Exercise prompt:
Your copy must start with the line containing "The height and" and end with the last line of the entries, matching them exactly and leaving out every picture.

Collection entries

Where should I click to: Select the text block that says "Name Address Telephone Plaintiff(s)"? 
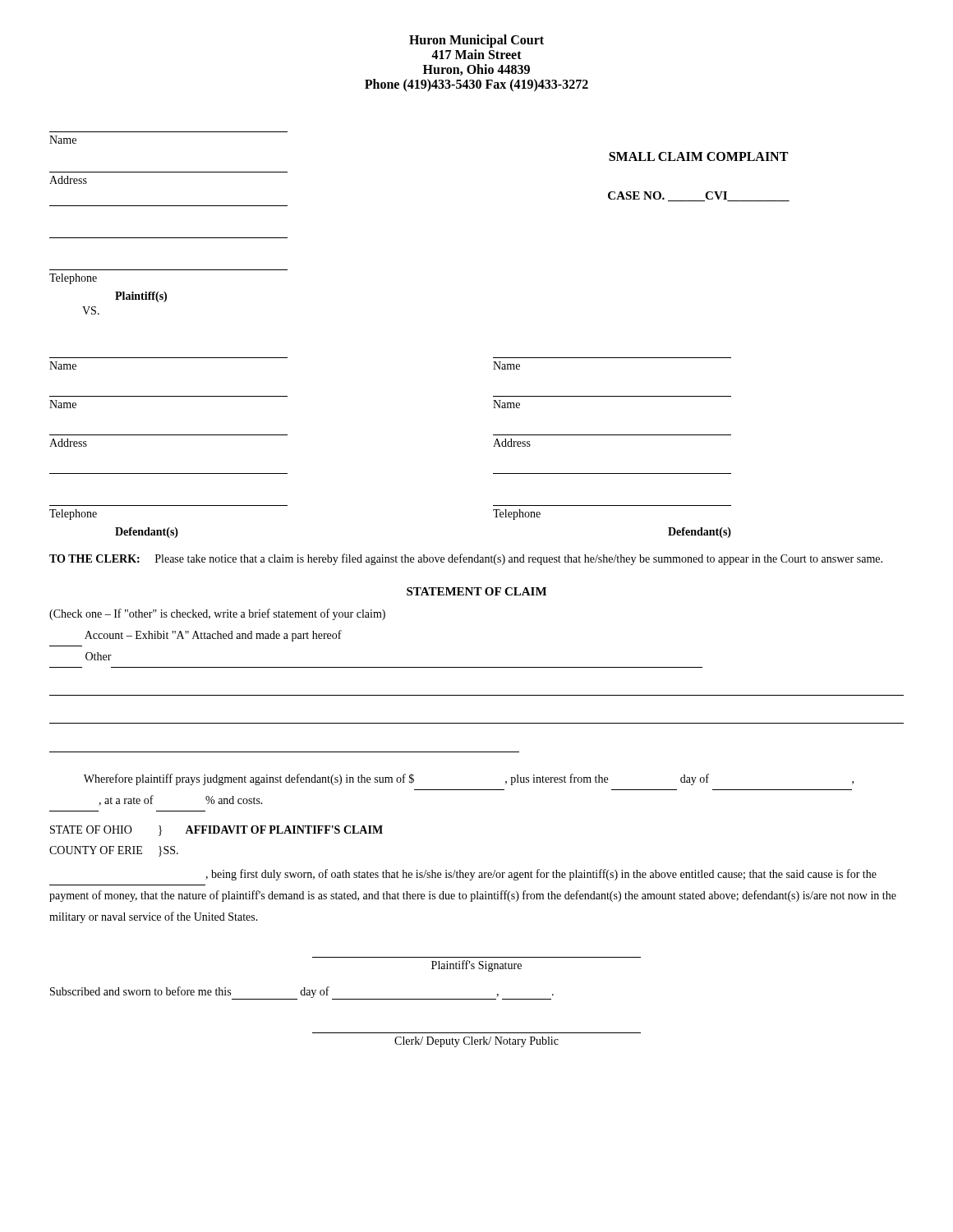255,217
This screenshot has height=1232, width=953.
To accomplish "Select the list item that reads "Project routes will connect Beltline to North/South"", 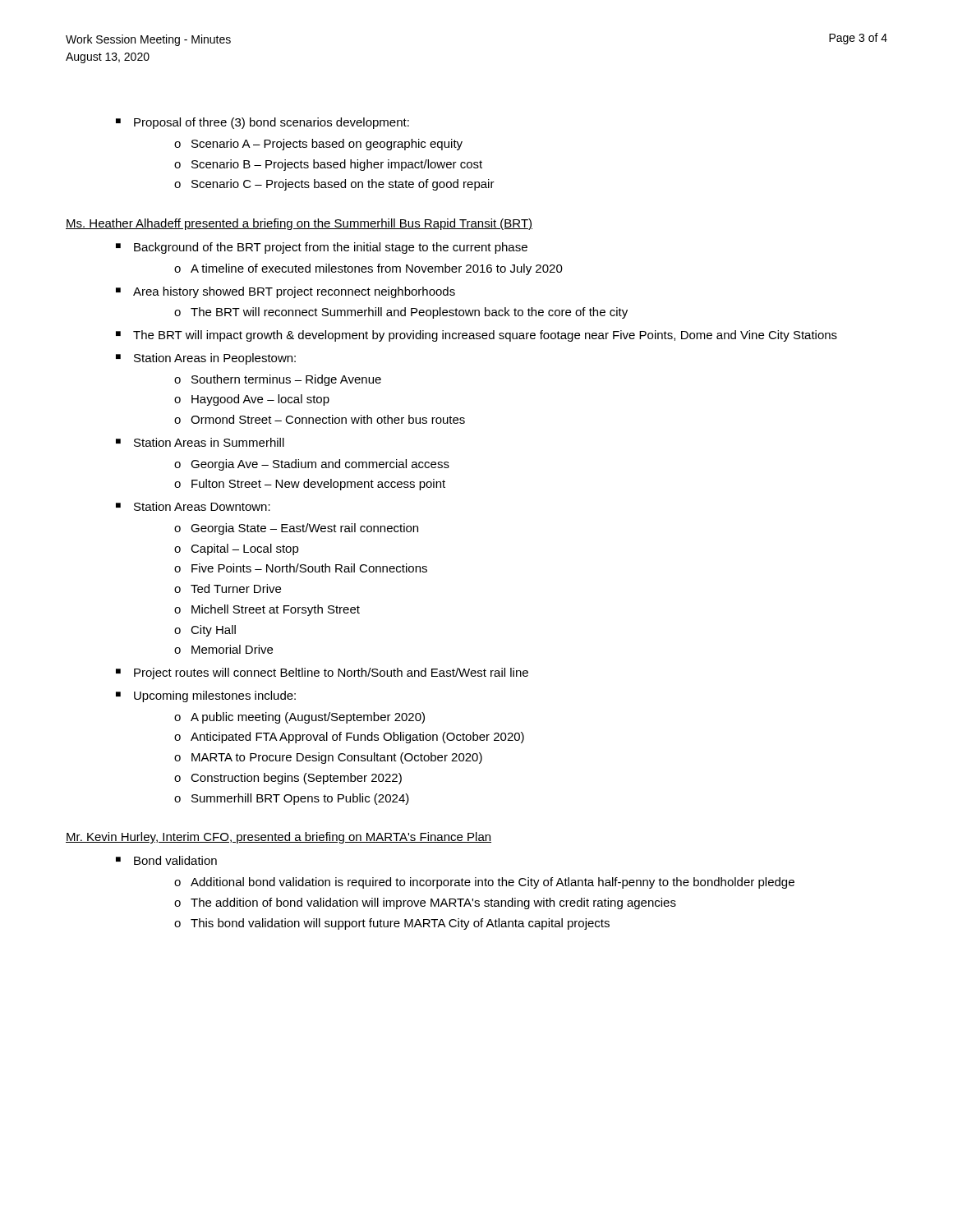I will pos(331,672).
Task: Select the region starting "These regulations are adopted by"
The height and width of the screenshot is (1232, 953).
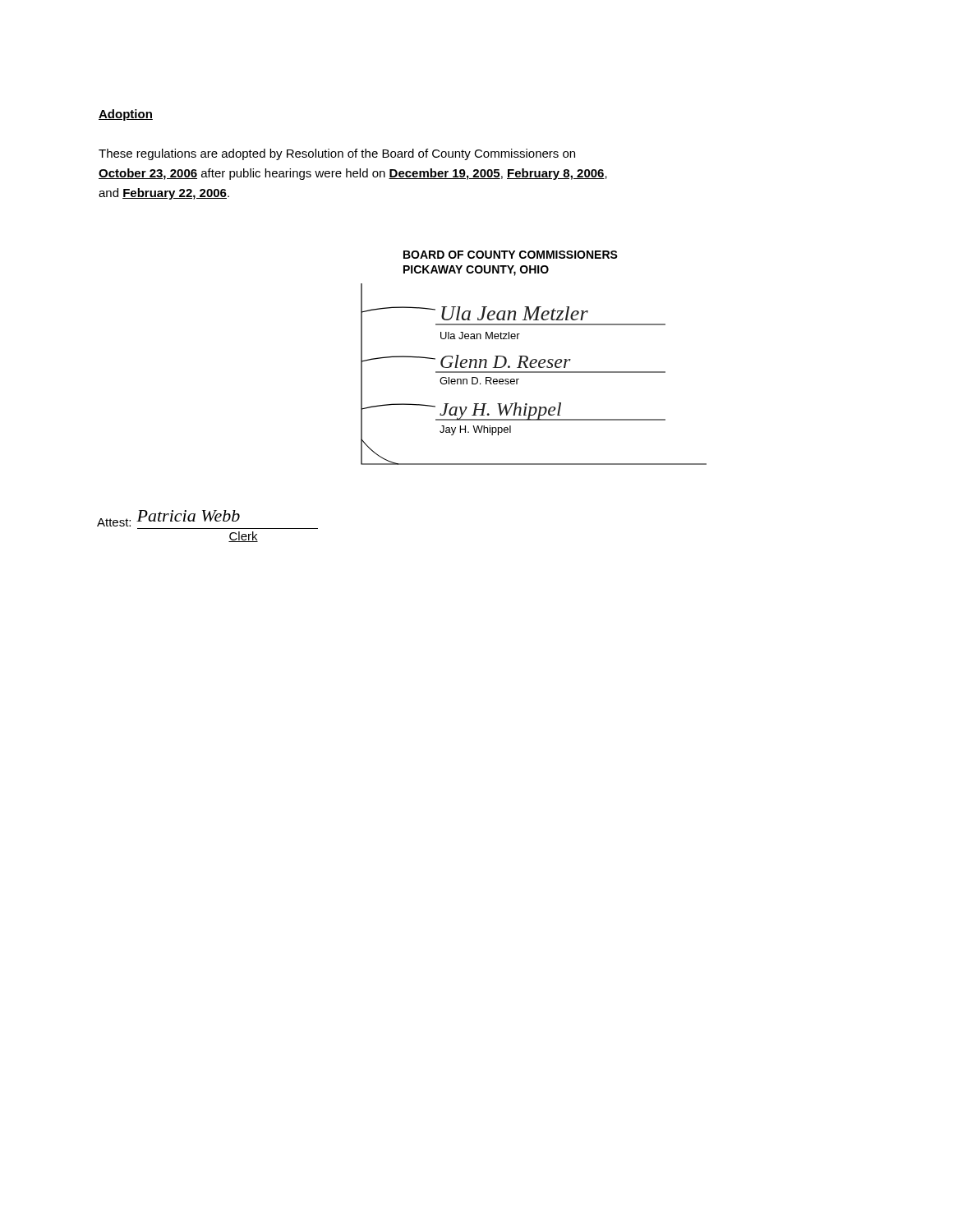Action: [x=353, y=173]

Response box:
The height and width of the screenshot is (1232, 953).
Action: [x=353, y=173]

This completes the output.